Extracted data entries:

————————

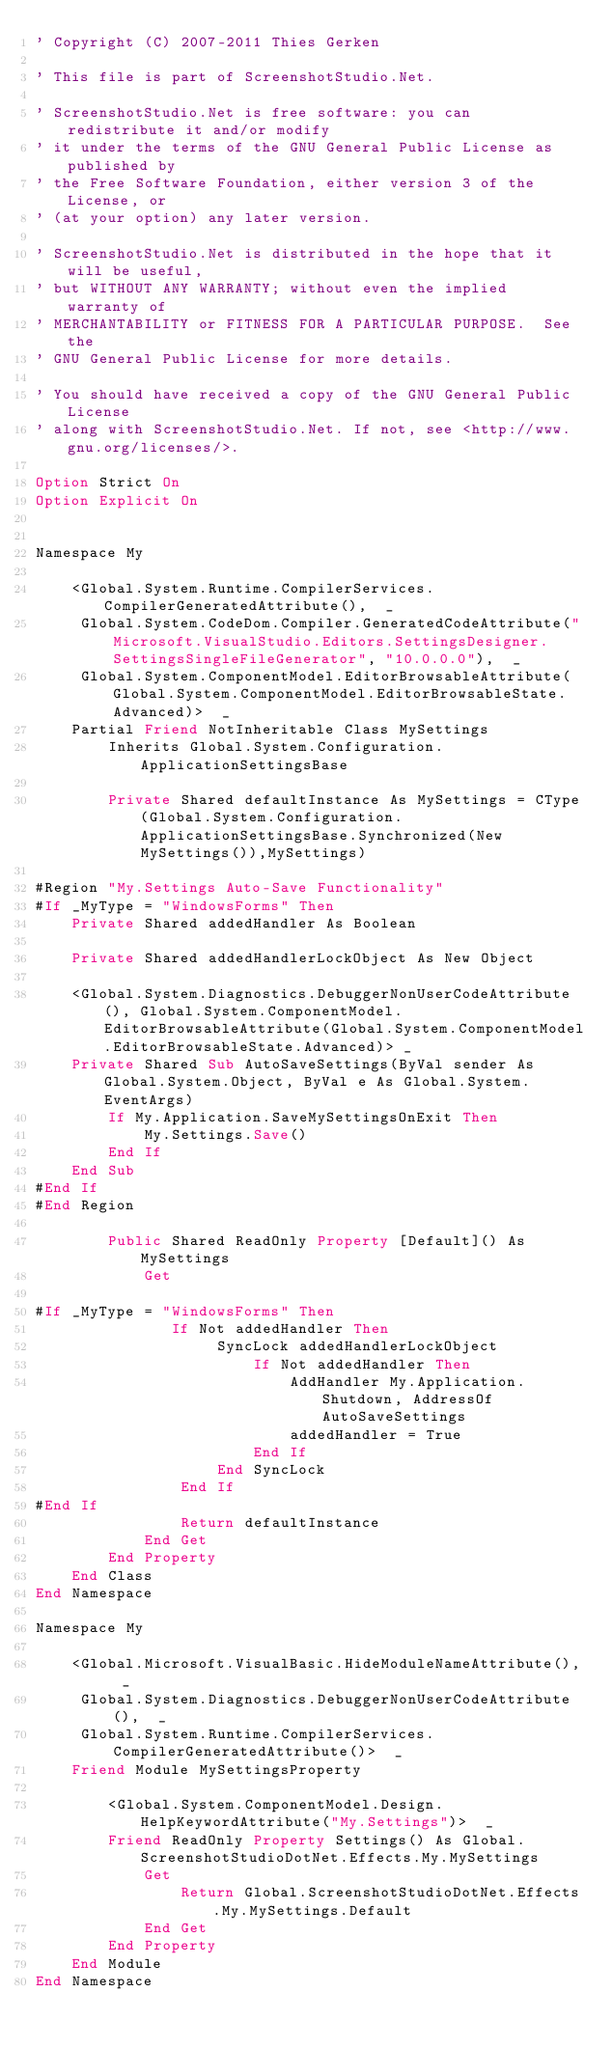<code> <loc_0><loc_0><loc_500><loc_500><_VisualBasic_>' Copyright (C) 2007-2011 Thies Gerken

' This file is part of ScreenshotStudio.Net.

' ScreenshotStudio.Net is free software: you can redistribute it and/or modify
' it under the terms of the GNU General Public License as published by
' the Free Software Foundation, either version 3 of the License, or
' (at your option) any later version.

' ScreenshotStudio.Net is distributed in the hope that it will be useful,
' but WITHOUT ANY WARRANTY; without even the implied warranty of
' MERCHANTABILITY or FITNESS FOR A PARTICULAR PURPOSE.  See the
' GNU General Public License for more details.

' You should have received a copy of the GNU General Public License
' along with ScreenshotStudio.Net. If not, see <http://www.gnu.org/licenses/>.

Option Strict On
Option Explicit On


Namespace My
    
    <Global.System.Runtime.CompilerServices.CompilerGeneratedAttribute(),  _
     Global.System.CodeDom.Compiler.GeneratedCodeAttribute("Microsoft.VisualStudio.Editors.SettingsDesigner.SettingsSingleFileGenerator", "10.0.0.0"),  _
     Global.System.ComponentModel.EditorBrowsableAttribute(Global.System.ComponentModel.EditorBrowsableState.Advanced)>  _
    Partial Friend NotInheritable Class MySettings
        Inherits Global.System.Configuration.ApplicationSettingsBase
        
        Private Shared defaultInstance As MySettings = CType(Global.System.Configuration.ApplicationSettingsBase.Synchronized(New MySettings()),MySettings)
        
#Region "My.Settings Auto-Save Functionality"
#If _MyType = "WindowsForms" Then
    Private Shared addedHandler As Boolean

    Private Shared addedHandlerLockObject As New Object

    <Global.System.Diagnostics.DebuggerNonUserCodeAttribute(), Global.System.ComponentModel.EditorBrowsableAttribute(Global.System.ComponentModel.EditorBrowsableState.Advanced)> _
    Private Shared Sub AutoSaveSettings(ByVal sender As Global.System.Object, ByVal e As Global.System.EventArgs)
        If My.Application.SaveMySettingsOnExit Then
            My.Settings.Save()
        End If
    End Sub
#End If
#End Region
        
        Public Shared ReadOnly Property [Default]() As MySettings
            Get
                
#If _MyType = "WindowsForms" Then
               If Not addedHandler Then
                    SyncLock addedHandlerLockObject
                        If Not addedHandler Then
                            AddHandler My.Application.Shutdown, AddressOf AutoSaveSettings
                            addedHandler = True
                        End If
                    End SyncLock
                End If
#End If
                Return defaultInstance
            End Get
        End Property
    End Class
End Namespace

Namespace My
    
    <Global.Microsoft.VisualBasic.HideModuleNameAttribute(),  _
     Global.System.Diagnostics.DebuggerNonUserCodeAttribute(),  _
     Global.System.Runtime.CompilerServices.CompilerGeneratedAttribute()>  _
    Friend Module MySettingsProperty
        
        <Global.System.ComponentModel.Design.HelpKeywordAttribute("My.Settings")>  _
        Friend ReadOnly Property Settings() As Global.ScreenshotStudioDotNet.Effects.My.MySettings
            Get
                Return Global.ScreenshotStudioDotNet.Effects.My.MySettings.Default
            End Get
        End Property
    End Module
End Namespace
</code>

————————

ABOUT THIS EXERCISE
Which lines of the data contain the string "Private"? Copy each of them.

WRITTEN RESPONSE
        Private Shared defaultInstance As MySettings = CType(Global.System.Configuration.ApplicationSettingsBase.Synchronized(New MySettings()),MySettings)
    Private Shared addedHandler As Boolean
    Private Shared addedHandlerLockObject As New Object
    Private Shared Sub AutoSaveSettings(ByVal sender As Global.System.Object, ByVal e As Global.System.EventArgs)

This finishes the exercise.